I’m not sure anyone explores evolution.
I expect you mean something sensible by this, but it is not obvious. Evolution is one of the most explored ideas of the last two hundred years. But I think you had something else in mind.
 
Being does not morph; matter does not morph.
Quite. And there are no elephants. I was using the term in the same sense as Techno, whose discussion of the process of evolution is less cerebral than yours.
 
The point has to do specifically with the presumed cause of the diversity we find in nature, which clearly demonstrates a growing complexity.

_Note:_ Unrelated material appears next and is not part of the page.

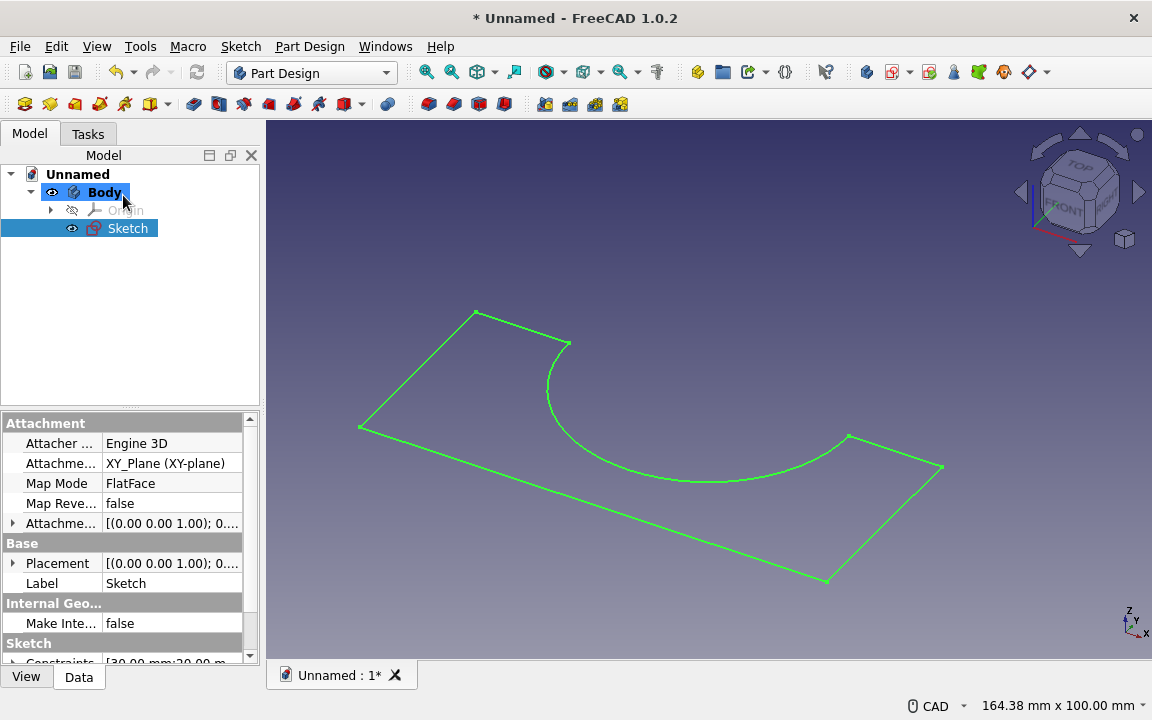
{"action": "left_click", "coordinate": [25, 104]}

Micro evolution and macro evolution are considered one and the same process with everything being a “transitional” creature. Grounding themselves arbitrarily in the physical sciences the changes we observe in the morphology of organisms, most evolutionary theories hypothesize the random mutation of genetic and/or supporting biochemical in a parent organism that is passed on to its offspring. This obviously happens, but is universally a destructive process. If we consider the genome as a set of instructions whereby a life form incorporates elements in its environment into the making of itself, it is difficult to imagine how new functional code could be added without some external influence to existing processes. To add a meaningful sentence like this one is not going to happen through any glitch in the system that allows for this communication. It has to be formulated and written down. The point I was trying to make was that ignoring these, among other factors, is an act of willful ignorance, which is necessary to maintain the standard theory of evolution.
 
Evolution is one of the most explored ideas of the last two hundred years. But I think you had something else in mind.
We explore genetics, anthropology, comparative anatomy and physiology, the history of life on earth and of of the universe. Evolution is one of the most shared stories that encapsulate the findings of our scientific explorations. I specifically had evolutionary theories in mind as a way in which we frame our understanding of ourselves and the world, the history of which fits better under a “creationist” paradigm.
 
If “a little further down the road” means several generations later, we might observe that the average fur length of the creatures was slightly longer or shorter than was before, or the average colour was slightly different, or the average leg length was slightly longer of shorter, and so on.
Ok,so how is this going affect the previous creature ?
 
Nobody has denied any of that. It is not the theological question of God, or even of order, that is under question, it is about whether that intelligence is expressed in underlying rules or in direct intervention.

Evolution is super-clear on this point. I’ve heard just about a different view from every Catholic on this thread: disagreement about what a day means, even.
 
Ok,so how is this going affect the previous creature ?
Clearly, it will not affect any previous creatures who are now dead. Nor will the fact that some of its peers are slightly differently shaped, or have slightly different behaviour, have much effect on those animals which do not carry the mutation. They will not even notice the difference. However, the slightly changed environment, a couple of degrees hotter, say, means that, under slight stress, the ‘previous’ kind will not reproduce as well as the ‘new’ kind, which will eventually mean that there are none left.